### Task to carry out
Only a number is wanted here. Tally the lines of the data that contain "void".

(Collection entries)
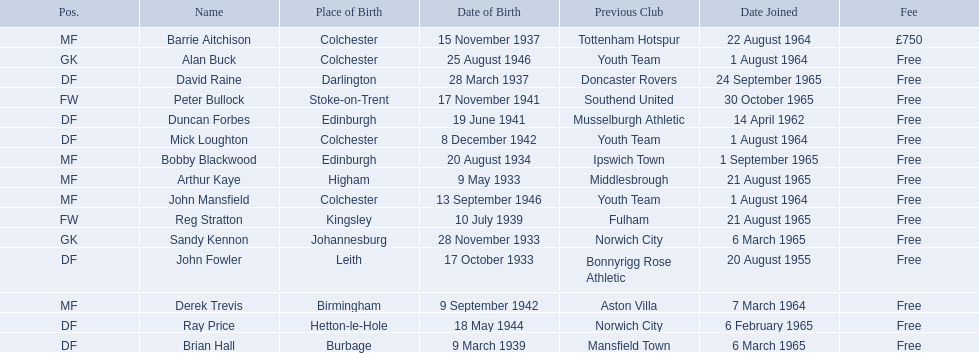When did each player join? 1 August 1964, 6 March 1965, 14 April 1962, 20 August 1955, 6 March 1965, 1 August 1964, 6 February 1965, 24 September 1965, 22 August 1964, 1 September 1965, 21 August 1965, 1 August 1964, 7 March 1964, 30 October 1965, 21 August 1965. And of those, which is the earliest join date? 20 August 1955. Parse the table in full. {'header': ['Pos.', 'Name', 'Place of Birth', 'Date of Birth', 'Previous Club', 'Date Joined', 'Fee'], 'rows': [['MF', 'Barrie Aitchison', 'Colchester', '15 November 1937', 'Tottenham Hotspur', '22 August 1964', '£750'], ['GK', 'Alan Buck', 'Colchester', '25 August 1946', 'Youth Team', '1 August 1964', 'Free'], ['DF', 'David Raine', 'Darlington', '28 March 1937', 'Doncaster Rovers', '24 September 1965', 'Free'], ['FW', 'Peter Bullock', 'Stoke-on-Trent', '17 November 1941', 'Southend United', '30 October 1965', 'Free'], ['DF', 'Duncan Forbes', 'Edinburgh', '19 June 1941', 'Musselburgh Athletic', '14 April 1962', 'Free'], ['DF', 'Mick Loughton', 'Colchester', '8 December 1942', 'Youth Team', '1 August 1964', 'Free'], ['MF', 'Bobby Blackwood', 'Edinburgh', '20 August 1934', 'Ipswich Town', '1 September 1965', 'Free'], ['MF', 'Arthur Kaye', 'Higham', '9 May 1933', 'Middlesbrough', '21 August 1965', 'Free'], ['MF', 'John Mansfield', 'Colchester', '13 September 1946', 'Youth Team', '1 August 1964', 'Free'], ['FW', 'Reg Stratton', 'Kingsley', '10 July 1939', 'Fulham', '21 August 1965', 'Free'], ['GK', 'Sandy Kennon', 'Johannesburg', '28 November 1933', 'Norwich City', '6 March 1965', 'Free'], ['DF', 'John Fowler', 'Leith', '17 October 1933', 'Bonnyrigg Rose Athletic', '20 August 1955', 'Free'], ['MF', 'Derek Trevis', 'Birmingham', '9 September 1942', 'Aston Villa', '7 March 1964', 'Free'], ['DF', 'Ray Price', 'Hetton-le-Hole', '18 May 1944', 'Norwich City', '6 February 1965', 'Free'], ['DF', 'Brian Hall', 'Burbage', '9 March 1939', 'Mansfield Town', '6 March 1965', 'Free']]} 
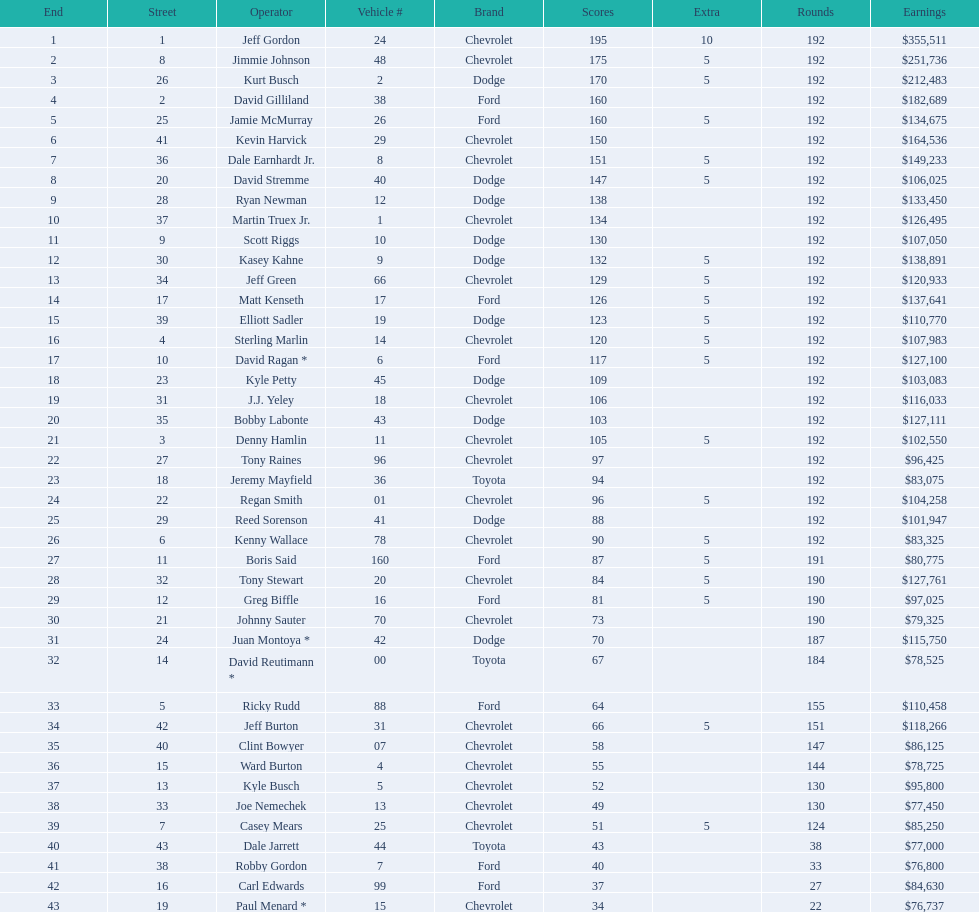How many drivers placed below tony stewart? 15. 
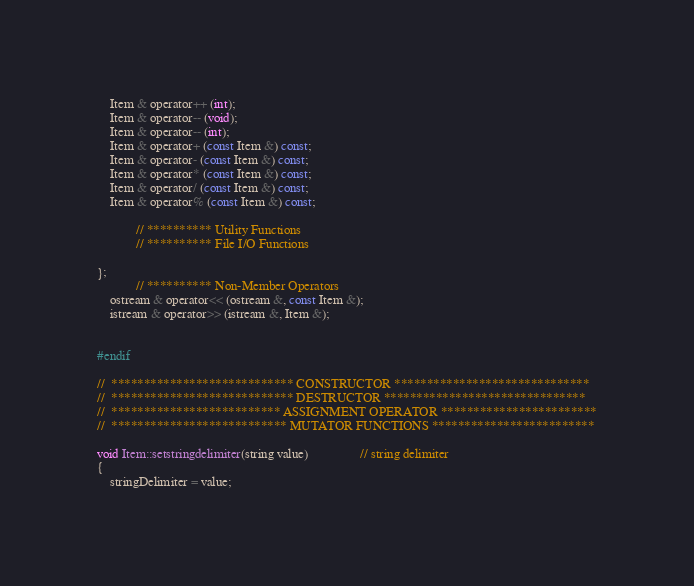<code> <loc_0><loc_0><loc_500><loc_500><_C_>	Item & operator++ (int);
	Item & operator-- (void);
	Item & operator-- (int);
	Item & operator+ (const Item &) const;
	Item & operator- (const Item &) const;
	Item & operator* (const Item &) const;
	Item & operator/ (const Item &) const;
	Item & operator% (const Item &) const;

			// ********** Utility Functions 
			// ********** File I/O Functions

};
			// ********** Non-Member Operators
	ostream & operator<< (ostream &, const Item &);
	istream & operator>> (istream &, Item &);


#endif

//  **************************** CONSTRUCTOR ******************************
//  **************************** DESTRUCTOR *******************************
//  ************************** ASSIGNMENT OPERATOR ************************
//  *************************** MUTATOR FUNCTIONS *************************

void Item::setstringdelimiter(string value)				// string delimiter
{
	stringDelimiter = value;</code>

### Task solution
2